The maximum difference between CDFs of the ordered data can be estimated using Eq. (17) [45]:

$$D_{n} \, = \,\max \,\left| {F_{X} \left( {x_{i} } \right) - S_{n} \left( {x_{i} } \right)} \right|$$
(17)

\(F_{X} \left( {x_{i} } \right)\) and \(S_{n} \left( {x_{i} } \right)\) can be estimated via Eq. (18) [45]:

$$F_{X} (x_{i} )\, = \,\Phi \left[ {\frac{{\ln \,x_{i} \, - \lambda }}{\xi }} \right]$$
(18)

where \(\lambda\) and ξ are the two parameters of the lognormal distribution.

$$S_{n} \left( {x_{i} } \right)\, = \,\left\{ \begin{gathered} 0,\,\,\,\,\,x\,\langle \,x_{1} \hfill \\ \frac{m}{n},\,\,\,x_{m} \, \le \,x\, \le \,x_{m + 1} \hfill \\ 1,\,\,\,\,\,\,x\, \ge \,x_{n} \hfill \\ \end{gathered} \right\}$$
(19)

The CDF of \(D_{n}^{\alpha }\) can be related to the significance level α as [45];

$$P\left( {D_{n} \, \le \,D_{n}^{\alpha } } \right)\, = \,1 - \alpha$$
(20)

and \(D_{n}^{\alpha }\) values at various significance levels α can be obtained from a standard mathematical table as shown in reference [45]. Table 4 shows the K-S test results of the experimental fatigue life data for MTS type spot welded specimen taking into account the loading case of 3700–200 N.

Table 4 K-S test results for experimental results of MTS type spot welded specimens under the loading of 3700–200 N

Using 1% significance level \(D_{n}^{\alpha } = D_{5}^{0.01}\) can be obtained from a standard mathematical table [45], which is K-S test, as 0.669. Because all the \(D_{n}\) values founded are less than from \(D_{n}^{\alpha } = D_{5}^{0.01} =\) 0.669, the assumed lognormal distribution is acceptable for 1% significance level and K-S test and this shows the reliability of the data.

3 Conclusions

In this work, the fatigue failure behavior of MTS specimens was investigated probabilistically and the following points were determined:

The anticipated failure probability, for the function of Eq. (11), of “one in ten million” indicates a very safe design; this is the case in spite of the comparatively low safety factor of 1.42, based on the mean values of yield strength and stress.

The stress-strength reliability value of 0.9994 (for the function of Eq. (13)) corresponds to 6 failures per 10,000. This is a relatively lower reliability than that obtained in first case (from Eq. (11)) for the constant load condition, and would be considered unacceptable in most applications.

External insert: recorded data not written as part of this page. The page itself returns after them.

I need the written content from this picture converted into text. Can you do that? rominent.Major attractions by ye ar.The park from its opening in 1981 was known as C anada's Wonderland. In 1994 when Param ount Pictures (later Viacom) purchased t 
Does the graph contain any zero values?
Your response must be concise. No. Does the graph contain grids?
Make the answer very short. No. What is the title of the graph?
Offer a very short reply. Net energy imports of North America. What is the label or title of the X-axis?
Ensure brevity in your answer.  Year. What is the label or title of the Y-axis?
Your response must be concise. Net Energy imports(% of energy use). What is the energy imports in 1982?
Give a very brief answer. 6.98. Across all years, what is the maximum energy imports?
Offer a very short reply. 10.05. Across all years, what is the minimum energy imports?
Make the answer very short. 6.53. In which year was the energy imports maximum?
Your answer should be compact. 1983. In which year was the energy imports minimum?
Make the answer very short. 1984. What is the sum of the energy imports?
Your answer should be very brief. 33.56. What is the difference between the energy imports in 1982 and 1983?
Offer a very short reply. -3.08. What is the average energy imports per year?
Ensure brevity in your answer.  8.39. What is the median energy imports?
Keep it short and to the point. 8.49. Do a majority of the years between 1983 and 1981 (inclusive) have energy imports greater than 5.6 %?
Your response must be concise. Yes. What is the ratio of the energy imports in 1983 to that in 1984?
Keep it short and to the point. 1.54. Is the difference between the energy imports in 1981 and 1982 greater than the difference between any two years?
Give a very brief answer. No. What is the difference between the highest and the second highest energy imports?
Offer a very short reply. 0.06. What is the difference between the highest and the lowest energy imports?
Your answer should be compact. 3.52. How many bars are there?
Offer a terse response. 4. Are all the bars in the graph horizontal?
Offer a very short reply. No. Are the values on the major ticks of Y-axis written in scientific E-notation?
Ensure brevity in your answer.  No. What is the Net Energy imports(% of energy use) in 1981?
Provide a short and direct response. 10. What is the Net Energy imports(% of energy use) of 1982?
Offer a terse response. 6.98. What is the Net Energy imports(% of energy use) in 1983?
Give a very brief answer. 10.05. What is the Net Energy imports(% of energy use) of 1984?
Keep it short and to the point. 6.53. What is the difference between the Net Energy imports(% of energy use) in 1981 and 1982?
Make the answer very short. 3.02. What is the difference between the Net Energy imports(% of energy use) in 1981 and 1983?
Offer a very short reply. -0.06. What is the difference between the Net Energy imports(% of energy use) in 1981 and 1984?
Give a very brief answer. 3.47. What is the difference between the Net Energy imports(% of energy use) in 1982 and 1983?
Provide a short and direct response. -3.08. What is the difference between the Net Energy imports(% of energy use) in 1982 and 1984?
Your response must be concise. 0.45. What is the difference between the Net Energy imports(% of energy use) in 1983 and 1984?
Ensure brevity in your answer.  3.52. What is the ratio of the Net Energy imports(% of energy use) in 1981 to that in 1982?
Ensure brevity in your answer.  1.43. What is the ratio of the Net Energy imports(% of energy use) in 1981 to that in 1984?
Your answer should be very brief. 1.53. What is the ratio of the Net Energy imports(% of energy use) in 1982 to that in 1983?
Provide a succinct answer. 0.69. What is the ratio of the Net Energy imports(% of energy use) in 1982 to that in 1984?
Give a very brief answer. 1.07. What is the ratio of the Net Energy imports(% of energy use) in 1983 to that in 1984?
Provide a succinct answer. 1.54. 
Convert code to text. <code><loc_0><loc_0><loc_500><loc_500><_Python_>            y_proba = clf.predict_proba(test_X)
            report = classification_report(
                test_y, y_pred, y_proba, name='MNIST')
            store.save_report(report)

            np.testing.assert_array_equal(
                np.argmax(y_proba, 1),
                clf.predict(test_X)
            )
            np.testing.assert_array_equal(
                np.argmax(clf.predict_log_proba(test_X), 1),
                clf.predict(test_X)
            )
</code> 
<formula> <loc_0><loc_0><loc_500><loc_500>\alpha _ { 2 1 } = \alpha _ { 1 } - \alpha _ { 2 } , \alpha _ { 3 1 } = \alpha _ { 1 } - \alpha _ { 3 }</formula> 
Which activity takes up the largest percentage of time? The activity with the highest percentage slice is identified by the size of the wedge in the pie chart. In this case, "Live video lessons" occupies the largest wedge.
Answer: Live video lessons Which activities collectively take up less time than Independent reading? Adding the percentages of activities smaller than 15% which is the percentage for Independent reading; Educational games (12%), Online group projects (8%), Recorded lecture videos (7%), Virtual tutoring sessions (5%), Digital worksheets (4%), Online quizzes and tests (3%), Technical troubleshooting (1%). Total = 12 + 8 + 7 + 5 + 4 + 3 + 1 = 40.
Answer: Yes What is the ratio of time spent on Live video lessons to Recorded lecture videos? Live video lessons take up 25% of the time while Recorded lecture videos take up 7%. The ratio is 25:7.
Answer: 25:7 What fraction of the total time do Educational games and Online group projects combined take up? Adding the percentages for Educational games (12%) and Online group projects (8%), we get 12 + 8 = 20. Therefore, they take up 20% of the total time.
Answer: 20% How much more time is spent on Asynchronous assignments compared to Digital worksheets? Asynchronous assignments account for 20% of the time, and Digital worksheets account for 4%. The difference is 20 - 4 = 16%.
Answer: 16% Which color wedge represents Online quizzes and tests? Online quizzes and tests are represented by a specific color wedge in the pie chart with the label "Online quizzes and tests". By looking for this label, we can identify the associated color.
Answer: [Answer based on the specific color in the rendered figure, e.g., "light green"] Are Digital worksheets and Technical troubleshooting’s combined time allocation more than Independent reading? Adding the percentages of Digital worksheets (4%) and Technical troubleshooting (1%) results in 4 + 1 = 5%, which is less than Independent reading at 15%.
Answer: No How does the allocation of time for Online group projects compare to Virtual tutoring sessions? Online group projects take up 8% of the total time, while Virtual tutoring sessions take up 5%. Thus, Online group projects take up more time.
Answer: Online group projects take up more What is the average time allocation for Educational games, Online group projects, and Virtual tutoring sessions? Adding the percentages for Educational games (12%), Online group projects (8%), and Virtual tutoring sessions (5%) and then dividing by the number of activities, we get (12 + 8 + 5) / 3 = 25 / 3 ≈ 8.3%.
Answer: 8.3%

For the final case (for the function of Eq. (16)), the reliability of the spot welded MTS specimen under fluctuating loading condition, that is in terms of fatigue loading, is low because the system was considered overall and it is clear that failure will occur. This value also shows why fatigue loading is one of the most important deformation mechanisms.